The Transmission of the Light, Case 31 goes like this:
Sengcan said to the Zen master Huike, “I am riddled with sickness; please absolve me of my sin.” Huike said, “Bring me your sin and I will absolve you.” After a long pause, Sengcan said, “When I look for my sin I cannot find it.” Huike said, “I have absolved you. You should live by the Buddha, the Teaching, and the Community
Keizan, trans. Thomas Cleary, Transmission of the Light, p. 129.
Sengcan took the encouragement in Huike’s question: Where is my sin and how do I bring it? Me, you, and Sengcan can pause now, for a moment, for a period, for 10 years.
Where? How do I even look? What am I even looking for?
Maybe Sengcan offered a series of presentations to Huike during which Huike rang a bell and said that Sengcan had not brought sin, so Sengcan looked again.
The encounter began with Sengcan expressing his longing to be set free from leprosy, which at the time was believed to be a manifestation of sin. He beseeched Huike to free him of the illness and what he believed it represented. Huike directed him to find the heart of illness and sin. Nothing, nothing, nothing was found.

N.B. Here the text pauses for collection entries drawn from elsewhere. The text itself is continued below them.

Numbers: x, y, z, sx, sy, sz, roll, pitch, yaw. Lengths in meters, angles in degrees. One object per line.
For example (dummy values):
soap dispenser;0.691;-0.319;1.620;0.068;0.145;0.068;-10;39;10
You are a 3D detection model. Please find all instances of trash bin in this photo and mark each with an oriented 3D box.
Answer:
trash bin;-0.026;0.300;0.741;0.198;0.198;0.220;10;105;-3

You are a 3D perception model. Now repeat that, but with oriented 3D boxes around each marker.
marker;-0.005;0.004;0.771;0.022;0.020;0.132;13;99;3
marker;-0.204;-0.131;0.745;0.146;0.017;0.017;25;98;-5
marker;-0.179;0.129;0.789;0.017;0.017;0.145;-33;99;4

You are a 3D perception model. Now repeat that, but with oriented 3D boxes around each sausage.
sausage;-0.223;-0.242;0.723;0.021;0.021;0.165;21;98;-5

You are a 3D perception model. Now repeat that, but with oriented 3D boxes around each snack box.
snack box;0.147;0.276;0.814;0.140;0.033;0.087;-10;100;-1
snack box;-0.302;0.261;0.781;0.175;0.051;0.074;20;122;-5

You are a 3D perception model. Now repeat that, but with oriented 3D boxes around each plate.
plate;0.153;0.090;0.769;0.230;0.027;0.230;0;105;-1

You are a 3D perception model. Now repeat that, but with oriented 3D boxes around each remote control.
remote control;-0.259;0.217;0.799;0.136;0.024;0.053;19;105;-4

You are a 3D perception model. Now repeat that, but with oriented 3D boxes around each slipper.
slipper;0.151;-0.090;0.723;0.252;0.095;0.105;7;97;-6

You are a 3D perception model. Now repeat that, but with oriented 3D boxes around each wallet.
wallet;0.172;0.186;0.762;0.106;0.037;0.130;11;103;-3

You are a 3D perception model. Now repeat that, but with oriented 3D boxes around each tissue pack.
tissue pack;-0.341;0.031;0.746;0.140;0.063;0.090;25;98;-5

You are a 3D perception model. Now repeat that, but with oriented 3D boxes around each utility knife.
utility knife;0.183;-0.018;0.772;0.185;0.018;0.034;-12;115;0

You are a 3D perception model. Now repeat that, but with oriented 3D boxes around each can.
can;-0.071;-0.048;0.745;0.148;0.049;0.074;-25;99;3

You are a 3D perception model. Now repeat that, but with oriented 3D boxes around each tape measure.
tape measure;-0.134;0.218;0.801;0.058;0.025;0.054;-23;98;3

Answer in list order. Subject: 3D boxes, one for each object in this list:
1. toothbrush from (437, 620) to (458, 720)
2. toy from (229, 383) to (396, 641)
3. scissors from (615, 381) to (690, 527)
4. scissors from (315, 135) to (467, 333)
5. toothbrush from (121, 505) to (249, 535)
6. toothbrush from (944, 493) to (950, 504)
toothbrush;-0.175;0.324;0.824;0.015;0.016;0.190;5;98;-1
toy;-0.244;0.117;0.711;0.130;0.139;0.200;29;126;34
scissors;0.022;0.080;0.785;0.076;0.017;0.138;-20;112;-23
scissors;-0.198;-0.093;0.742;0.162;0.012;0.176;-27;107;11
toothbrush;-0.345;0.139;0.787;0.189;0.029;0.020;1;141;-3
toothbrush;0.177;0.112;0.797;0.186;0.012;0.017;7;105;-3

In his translation, Francis Cook used “wrongdoing” instead of “sin” for this story. In Cook’s version, Huike cleansed Sengcan rather than having absolved him, and the final line of the story was rendered as, “You must rely on the Buddha, Dharma, and Community of believers.” I offer you the alternate translations because in reading the Cleary translation I wondered about what was intended by some of those words (sin and absolved) in the Chinese. The Cook translation seemed to me to carry a similar spirit as the first by Cleary, such that the 2nd amplified the first. (Second translation: Keizan, trans. Francis Dojun Cook, “The Record of Transmitting the Light, p. 158.)

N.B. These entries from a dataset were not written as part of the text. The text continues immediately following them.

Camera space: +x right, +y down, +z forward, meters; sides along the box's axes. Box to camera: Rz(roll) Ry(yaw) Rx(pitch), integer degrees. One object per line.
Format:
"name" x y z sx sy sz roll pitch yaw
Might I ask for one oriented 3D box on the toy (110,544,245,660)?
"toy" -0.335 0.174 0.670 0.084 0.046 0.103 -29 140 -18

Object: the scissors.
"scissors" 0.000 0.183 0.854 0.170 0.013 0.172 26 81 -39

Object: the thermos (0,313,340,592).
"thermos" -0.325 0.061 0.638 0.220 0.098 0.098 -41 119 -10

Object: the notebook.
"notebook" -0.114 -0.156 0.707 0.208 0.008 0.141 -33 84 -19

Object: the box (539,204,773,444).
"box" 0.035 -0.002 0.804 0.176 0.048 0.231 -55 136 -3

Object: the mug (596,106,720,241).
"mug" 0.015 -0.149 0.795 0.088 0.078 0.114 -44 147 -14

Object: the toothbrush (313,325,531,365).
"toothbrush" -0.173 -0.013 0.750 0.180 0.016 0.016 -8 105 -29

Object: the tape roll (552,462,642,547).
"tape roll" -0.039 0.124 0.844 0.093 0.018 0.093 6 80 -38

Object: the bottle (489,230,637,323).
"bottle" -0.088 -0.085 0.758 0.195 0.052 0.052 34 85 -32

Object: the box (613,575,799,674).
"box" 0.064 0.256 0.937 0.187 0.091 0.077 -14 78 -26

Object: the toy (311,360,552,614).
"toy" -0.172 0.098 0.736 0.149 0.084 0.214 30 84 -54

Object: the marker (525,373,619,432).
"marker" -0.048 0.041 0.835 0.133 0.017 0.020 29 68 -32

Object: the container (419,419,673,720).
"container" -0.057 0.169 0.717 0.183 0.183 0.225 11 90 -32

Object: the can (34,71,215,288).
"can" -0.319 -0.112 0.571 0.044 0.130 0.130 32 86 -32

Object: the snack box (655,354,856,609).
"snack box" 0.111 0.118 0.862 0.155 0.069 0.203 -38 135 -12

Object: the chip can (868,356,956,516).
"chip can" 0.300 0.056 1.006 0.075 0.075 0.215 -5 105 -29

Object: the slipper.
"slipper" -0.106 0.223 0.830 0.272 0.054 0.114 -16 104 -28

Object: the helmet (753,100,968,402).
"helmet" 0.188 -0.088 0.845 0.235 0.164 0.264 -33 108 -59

Coming back to the story, the absolution offered by Huike did not rely on healing and was given after the fact, as recognition of Sengcan having seen to the bottom of his wrongdoing. After all, what is wrongdoing without the concept of wrongdoing? What is there to see and to bring back to Huike? Without a pause, Huike follows the absolution with this line:
You should live by the Buddha, the Teaching, and the Community
These last words are only needed if the perspective Sengcan found in his search for his sin was already gone; Huike invites Sengcan to live it now. Also, though there is no sin found, in living by the Buddha, Teaching and Community, there is no denial of precepts, or right and wrong; there is recognition that we are embedded in community, near and far, similar and dissimilar.

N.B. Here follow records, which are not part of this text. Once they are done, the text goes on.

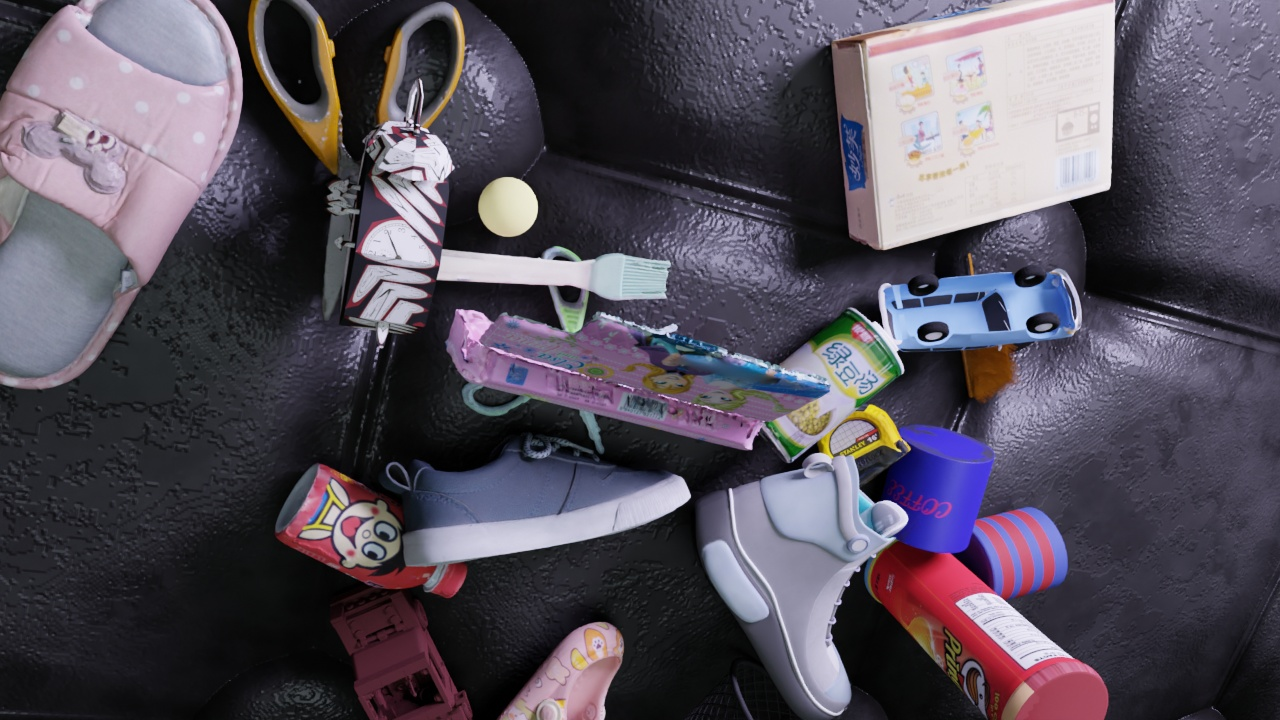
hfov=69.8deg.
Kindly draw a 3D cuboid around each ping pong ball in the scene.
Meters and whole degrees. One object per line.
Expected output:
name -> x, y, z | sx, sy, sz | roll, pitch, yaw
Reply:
ping pong ball -> -0.090, -0.105, 0.627 | 0.040, 0.040, 0.040 | -6, 111, -15

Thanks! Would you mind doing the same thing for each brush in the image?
brush -> -0.086, -0.064, 0.648 | 0.217, 0.012, 0.033 | 3, 106, -11
brush -> 0.295, -0.027, 0.786 | 0.048, 0.017, 0.126 | -22, 114, -8

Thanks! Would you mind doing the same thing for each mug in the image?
mug -> 0.263, 0.107, 0.799 | 0.111, 0.079, 0.084 | -8, 114, -45
mug -> 0.332, 0.192, 0.855 | 0.076, 0.075, 0.112 | -10, 139, -14

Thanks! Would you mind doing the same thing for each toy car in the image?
toy car -> 0.269, -0.038, 0.734 | 0.153, 0.056, 0.055 | -5, 154, 3
toy car -> -0.181, 0.253, 0.717 | 0.070, 0.062, 0.170 | -22, 114, -9

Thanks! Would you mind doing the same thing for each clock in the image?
clock -> -0.154, -0.093, 0.551 | 0.065, 0.114, 0.155 | 8, 104, -21

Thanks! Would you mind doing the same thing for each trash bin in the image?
trash bin -> 0.066, 0.399, 0.790 | 0.210, 0.184, 0.184 | -44, 116, 8

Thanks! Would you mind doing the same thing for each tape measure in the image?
tape measure -> 0.181, 0.067, 0.763 | 0.066, 0.037, 0.064 | -41, 78, 16

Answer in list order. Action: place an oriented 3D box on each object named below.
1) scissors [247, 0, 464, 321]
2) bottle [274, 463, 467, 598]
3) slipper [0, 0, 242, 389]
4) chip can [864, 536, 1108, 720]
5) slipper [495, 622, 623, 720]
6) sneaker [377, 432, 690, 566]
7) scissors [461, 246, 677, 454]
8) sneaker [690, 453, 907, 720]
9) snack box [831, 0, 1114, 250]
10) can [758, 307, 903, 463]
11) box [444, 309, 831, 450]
scissors -> -0.173, -0.135, 0.602 | 0.175, 0.016, 0.225 | -15, 111, -12
bottle -> -0.191, 0.132, 0.671 | 0.137, 0.062, 0.062 | 34, 97, -24
slipper -> -0.329, -0.100, 0.548 | 0.114, 0.054, 0.274 | 26, 101, -24
chip can -> 0.276, 0.228, 0.764 | 0.087, 0.213, 0.087 | -6, 111, -15
slipper -> -0.068, 0.309, 0.750 | 0.197, 0.081, 0.093 | -57, 146, 4
sneaker -> -0.073, 0.095, 0.684 | 0.235, 0.089, 0.087 | -4, 78, -32
scissors -> -0.053, -0.003, 0.693 | 0.172, 0.021, 0.171 | -19, 111, -15
sneaker -> 0.159, 0.189, 0.759 | 0.161, 0.092, 0.257 | -26, 116, 15
snack box -> 0.253, -0.184, 0.695 | 0.207, 0.055, 0.153 | -16, 113, -11
can -> 0.142, 0.019, 0.729 | 0.121, 0.067, 0.067 | -39, 115, 0
box -> -0.006, 0.015, 0.624 | 0.230, 0.161, 0.061 | 16, 81, -25

Stepping aside from absolved, and not absolved, right and wrong, possibilities are opened and the messiness of indistinct categories melt away. When not insisting on the words, we already know that there is no contradiction to having come to sesshin, to gathering at the bell, and finding nothing, searching nowhere.
Sometime later Sengcan wrote “Verse of the Faith Mind,” and in it he is crystal clear. However seductive, words, symbols, and ideas, come to nothing, and without them, there is no hindrance to the Way.
Here is a passage from that poem.
The more words and thoughts,
the less they fit the reality.
Cut off words, cut off thoughts,
and there is no place it does not penetrate.
I asked a couple of knowledgeable folks who are here today to look at the four Chinese characters of the last line, translated here as, “and there is no place it does not penetrate.” Literally, the four characters are “no- place – cannot- pass.” Our translation added “it” to carry the poems reference to the “Supreme Way” in previous lines. This suggests bare last lines of something like, “Cut off words, cut off thoughts, no place that the Way cannot pass, or cannot penetrate.”
The Tao has penetrated, and is penetrating teeth and gums, socks and windows, so completely that it is indistinguishable from teeth and gums, socks and windows. When alert and not alert, birds fly, wind blows, buds open. Without a word or thought, sink in, rest here.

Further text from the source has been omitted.